# Rahmengröße Trek



## Leny2015 (15. Februar 2016)

Hallo Mädels,

Gibt es hier jemanden der einen dieser zwei Bikes fährt?

http://www.fahrrad-xxl.de/trek-fuel-ex-7-27-5-x0017707

http://www.fahrrad-xxl.de/trek-superfly-fs-8-x0015704

Ich bin mir unsicher was die Rahmengröße angeht. Ich bin 167 cm groß und habe eine SL von 81 cm.

Meint ihr, dass das 17,5 er passend ist? Bei Trek gibt es ja die Angabe der virtualen und actualen Rahmengröße. Was hat es damit auf sich?
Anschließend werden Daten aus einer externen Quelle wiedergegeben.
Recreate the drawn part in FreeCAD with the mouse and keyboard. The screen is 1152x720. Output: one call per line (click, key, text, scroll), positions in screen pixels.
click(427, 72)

Oder wäre ein 15,5 Rad besser? 

Danke euch und LG


----------



## mtbbee (15. Februar 2016)

Bei Trek habe ich immer 15,5" - egal ob Ex9 (hatte damals das 26")  - TopFul 26" oder jetzt Remedy 27,5 - allerdings bin ich 166 groß mit SL 77 - daher weiss ich nicht so recht, obs Trek überhaupt das richtige Rad ist: relativ kurzes OR ... ich könnte mir vorstellen, das 17,5 " die bessere Variante sein könnte, wenns unbedingt ein Trek sein muss. Da Du zw. beiden schwankst, wäre eine Testfahrt fast unabdingbar, Internet Empfehlungen sind so eine Sache ..


----------



## MTB-News.de




----------



## Leny2015 (15. Februar 2016)

Danke für die Rückmeldung. Leider habe ich hier keine Möglichkeit die Räder zu testen :-( vielleicht finde ich noch einen Händler der sie hat in der richtigen Größe...


----------



## Bettina (15. Februar 2016)

mtbbee schrieb:


> Internet Empfehlungen sind so eine Sache ..
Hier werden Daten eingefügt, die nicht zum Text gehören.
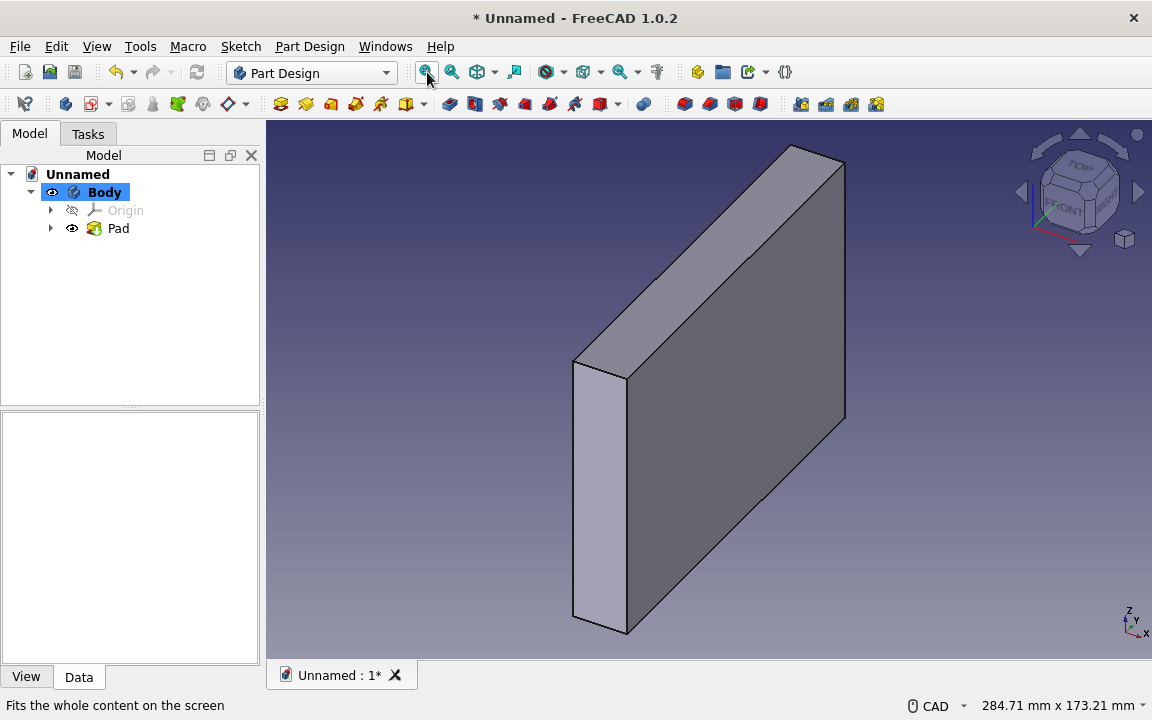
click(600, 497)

Wo soll ich unterschreiben?
Habe ganz ähnliche Maße wie mtbbee, etwas größer und etwas mehr SL . Habe ein Trek Fully in 17,5 das ich OK finde, aber nicht für echten Geländeeinsatz verwende. Auf verschiedenen Trek in 15,5" habe ich gesessen und die sind mir zu kompakt/zu kurz.


----------



## Aninaj (16. Februar 2016)

Ich glaube das hängt ein wenig davon ab, was du damit fahren möchtest...


----------



## Leny2015 (16. Februar 2016)

Habe mich heute beraten lassen. Nachdem 2 Märkte mir einfach nur das verkaufen wollten, was sie gerade da hatten, heute endlich einer, der mich wirklich gut beraten hat. Alles ausgemessen und am Bike eingestellt und mich nicht direkt zum Kauf gedrängt.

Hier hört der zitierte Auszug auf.